• _Exercise requirements_:
Repeat the records below word for word.

[Items from a dataset]
____________________

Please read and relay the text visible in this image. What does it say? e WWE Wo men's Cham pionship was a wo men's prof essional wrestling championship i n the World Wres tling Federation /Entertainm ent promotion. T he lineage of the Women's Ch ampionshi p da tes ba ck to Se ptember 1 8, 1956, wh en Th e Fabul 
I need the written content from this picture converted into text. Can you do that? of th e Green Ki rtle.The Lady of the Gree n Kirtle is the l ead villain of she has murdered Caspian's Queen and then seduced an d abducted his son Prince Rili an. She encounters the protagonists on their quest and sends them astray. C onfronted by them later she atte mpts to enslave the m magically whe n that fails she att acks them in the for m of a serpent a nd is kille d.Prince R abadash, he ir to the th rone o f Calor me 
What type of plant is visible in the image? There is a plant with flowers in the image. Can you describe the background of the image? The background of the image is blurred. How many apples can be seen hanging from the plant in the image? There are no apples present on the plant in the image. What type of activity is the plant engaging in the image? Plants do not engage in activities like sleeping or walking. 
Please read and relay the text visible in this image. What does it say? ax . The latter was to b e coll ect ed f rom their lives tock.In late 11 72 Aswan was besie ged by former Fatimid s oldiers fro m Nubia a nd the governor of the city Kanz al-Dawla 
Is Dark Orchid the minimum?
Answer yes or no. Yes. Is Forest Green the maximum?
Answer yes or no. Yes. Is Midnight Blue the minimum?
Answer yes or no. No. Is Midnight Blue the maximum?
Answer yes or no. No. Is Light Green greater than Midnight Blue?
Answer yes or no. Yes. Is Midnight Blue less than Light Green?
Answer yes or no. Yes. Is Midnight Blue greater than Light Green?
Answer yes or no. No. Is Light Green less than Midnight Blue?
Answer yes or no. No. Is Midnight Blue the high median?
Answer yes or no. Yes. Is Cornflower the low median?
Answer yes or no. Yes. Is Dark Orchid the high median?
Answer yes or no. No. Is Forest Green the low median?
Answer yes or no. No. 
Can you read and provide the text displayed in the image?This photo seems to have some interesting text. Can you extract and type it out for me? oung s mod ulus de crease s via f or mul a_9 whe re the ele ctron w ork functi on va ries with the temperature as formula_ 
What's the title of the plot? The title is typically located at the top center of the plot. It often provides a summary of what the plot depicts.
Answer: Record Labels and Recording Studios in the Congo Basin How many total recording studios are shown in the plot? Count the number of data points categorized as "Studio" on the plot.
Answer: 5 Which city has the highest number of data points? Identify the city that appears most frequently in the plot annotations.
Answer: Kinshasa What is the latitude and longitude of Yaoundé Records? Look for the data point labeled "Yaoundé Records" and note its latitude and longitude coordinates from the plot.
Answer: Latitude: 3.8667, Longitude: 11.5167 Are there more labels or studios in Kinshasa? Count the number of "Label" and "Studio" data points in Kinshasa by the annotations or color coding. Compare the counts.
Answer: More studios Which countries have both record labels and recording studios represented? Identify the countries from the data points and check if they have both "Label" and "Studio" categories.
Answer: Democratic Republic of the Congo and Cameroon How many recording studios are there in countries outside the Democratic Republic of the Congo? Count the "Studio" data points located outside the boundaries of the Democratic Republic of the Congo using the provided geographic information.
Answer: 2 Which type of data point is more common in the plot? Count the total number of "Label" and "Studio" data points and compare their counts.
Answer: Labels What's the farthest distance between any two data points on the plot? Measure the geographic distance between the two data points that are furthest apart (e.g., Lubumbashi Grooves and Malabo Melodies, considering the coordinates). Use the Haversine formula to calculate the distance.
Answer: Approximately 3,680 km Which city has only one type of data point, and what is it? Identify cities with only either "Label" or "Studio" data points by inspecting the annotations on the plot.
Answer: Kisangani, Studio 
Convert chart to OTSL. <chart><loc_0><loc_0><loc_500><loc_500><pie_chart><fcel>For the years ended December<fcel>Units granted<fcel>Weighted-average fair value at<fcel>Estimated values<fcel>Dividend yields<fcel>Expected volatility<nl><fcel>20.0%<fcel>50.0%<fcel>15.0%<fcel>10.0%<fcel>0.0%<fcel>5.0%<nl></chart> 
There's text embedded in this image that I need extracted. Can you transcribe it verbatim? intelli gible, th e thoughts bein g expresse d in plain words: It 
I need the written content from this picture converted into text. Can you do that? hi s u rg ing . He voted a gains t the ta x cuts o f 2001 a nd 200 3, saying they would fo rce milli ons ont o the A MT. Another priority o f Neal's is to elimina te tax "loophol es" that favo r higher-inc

____________________

• _Problem solution_:
Please read and relay the text visible in this image. What does it say? e WWE Wo men's Cham pionship was a wo men's prof essional wrestling championship i n the World Wres tling Federation /Entertainm ent promotion. T he lineage of the Women's Ch ampionshi p da tes ba ck to Se ptember 1 8, 1956, wh en Th e Fabul 
I need the written content from this picture converted into text. Can you do that? of th e Green Ki rtle.The Lady of the Gree n Kirtle is the l ead villain of she has murdered Caspian's Queen and then seduced an d abducted his son Prince Rili an. She encounters the protagonists on their quest and sends them astray. C onfronted by them later she atte mpts to enslave the m magically whe n that fails she att acks them in the for m of a serpent a nd is kille d.Prince R abadash, he ir to the th rone o f Calor me 
What type of plant is visible in the image? There is a plant with flowers in the image. Can you describe the background of the image? The background of the image is blurred. How many apples can be seen hanging from the plant in the image? There are no apples present on the plant in the image. What type of activity is the plant engaging in the image? Plants do not engage in activities like sleeping or walking. 
Please read and relay the text visible in this image. What does it say? ax . The latter was to b e coll ect ed f rom their lives tock.In late 11 72 Aswan was besie ged by former Fatimid s oldiers fro m Nubia a nd the governor of the city Kanz al-Dawla 
Is Dark Orchid the minimum?
Answer yes or no. Yes. Is Forest Green the maximum?
Answer yes or no. Yes. Is Midnight Blue the minimum?
Answer yes or no. No. Is Midnight Blue the maximum?
Answer yes or no. No. Is Light Green greater than Midnight Blue?
Answer yes or no. Yes. Is Midnight Blue less than Light Green?
Answer yes or no. Yes. Is Midnight Blue greater than Light Green?
Answer yes or no. No. Is Light Green less than Midnight Blue?
Answer yes or no. No. Is Midnight Blue the high median?
Answer yes or no. Yes. Is Cornflower the low median?
Answer yes or no. Yes. Is Dark Orchid the high median?
Answer yes or no. No. Is Forest Green the low median?
Answer yes or no. No. 
Can you read and provide the text displayed in the image?This photo seems to have some interesting text. Can you extract and type it out for me? oung s mod ulus de crease s via f or mul a_9 whe re the ele ctron w ork functi on va ries with the temperature as formula_ 
What's the title of the plot? The title is typically located at the top center of the plot. It often provides a summary of what the plot depicts.
Answer: Record Labels and Recording Studios in the Congo Basin How many total recording studios are shown in the plot? Count the number of data points categorized as "Studio" on the plot.
Answer: 5 Which city has the highest number of data points? Identify the city that appears most frequently in the plot annotations.
Answer: Kinshasa What is the latitude and longitude of Yaoundé Records? Look for the data point labeled "Yaoundé Records" and note its latitude and longitude coordinates from the plot.
Answer: Latitude: 3.8667, Longitude: 11.5167 Are there more labels or studios in Kinshasa? Count the number of "Label" and "Studio" data points in Kinshasa by the annotations or color coding. Compare the counts.
Answer: More studios Which countries have both record labels and recording studios represented? Identify the countries from the data points and check if they have both "Label" and "Studio" categories.
Answer: Democratic Republic of the Congo and Cameroon How many recording studios are there in countries outside the Democratic Republic of the Congo? Count the "Studio" data points located outside the boundaries of the Democratic Republic of the Congo using the provided geographic information.
Answer: 2 Which type of data point is more common in the plot? Count the total number of "Label" and "Studio" data points and compare their counts.
Answer: Labels What's the farthest distance between any two data points on the plot? Measure the geographic distance between the two data points that are furthest apart (e.g., Lubumbashi Grooves and Malabo Melodies, considering the coordinates). Use the Haversine formula to calculate the distance.
Answer: Approximately 3,680 km Which city has only one type of data point, and what is it? Identify cities with only either "Label" or "Studio" data points by inspecting the annotations on the plot.
Answer: Kisangani, Studio 
Convert chart to OTSL. <chart><loc_0><loc_0><loc_500><loc_500><pie_chart><fcel>For the years ended December<fcel>Units granted<fcel>Weighted-average fair value at<fcel>Estimated values<fcel>Dividend yields<fcel>Expected volatility<nl><fcel>20.0%<fcel>50.0%<fcel>15.0%<fcel>10.0%<fcel>0.0%<fcel>5.0%<nl></chart> 
There's text embedded in this image that I need extracted. Can you transcribe it verbatim? intelli gible, th e thoughts bein g expresse d in plain words: It 
I need the written content from this picture converted into text. Can you do that? hi s u rg ing . He voted a gains t the ta x cuts o f 2001 a nd 200 3, saying they would fo rce milli ons ont o the A MT. Another priority o f Neal's is to elimina te tax "loophol es" that favo r higher-inc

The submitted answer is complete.